1. A synchronous rectification control device, characterized in that, The system includes a synchronous rectification module and a drive circuit connected to the synchronous rectification module. The synchronous rectification module includes a spike absorption circuit, which is triggered after the secondary-side MOSFET of the flyback power supply charging system is turned off, and is used to absorb the voltage spike energy generated at the drain of the secondary-side MOSFET. The spike absorption circuit is a clamping spike absorption circuit, a pulse spike absorption circuit, or a pulse LDO spike absorption circuit.
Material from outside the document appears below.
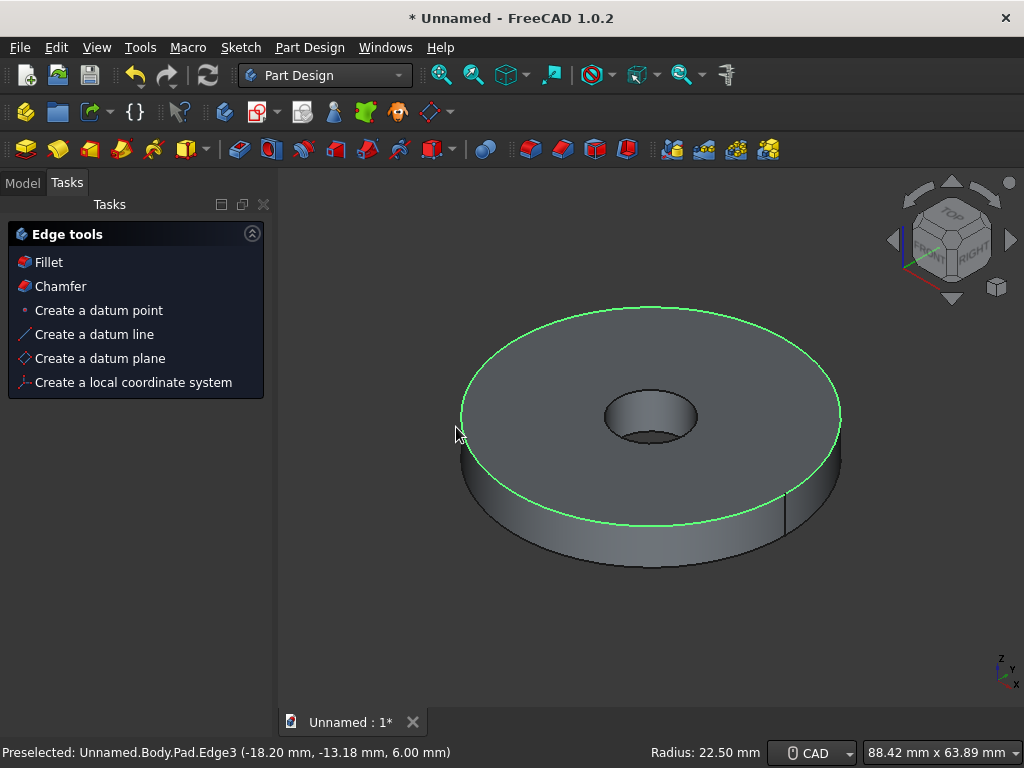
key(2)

The clamping spike absorption circuit includes a first switching absorption module for turning on and off the absorption of voltage spike energy, and a clamping circuit for clamping the highest voltage of the first switching absorption module and controlling the turning on and off of the first switching absorption module. The pulse spike absorption circuit includes a pulse timing module for generating periodic pulse signals, a buffer circuit for buffering the pulse signals, and a second switching absorption module for turning on and off the absorption of voltage spike energy according to the pulse signals, connected in series. The pulsed LDO spike absorption circuit includes a pulse timing circuit for generating periodic pulse signals and an LDO circuit connected to the pulse timing circuit for absorbing the voltage spike energy after receiving the pulse signal and converting it into a stable output voltage VCC; the output voltage VCC is in a slowly decreasing state.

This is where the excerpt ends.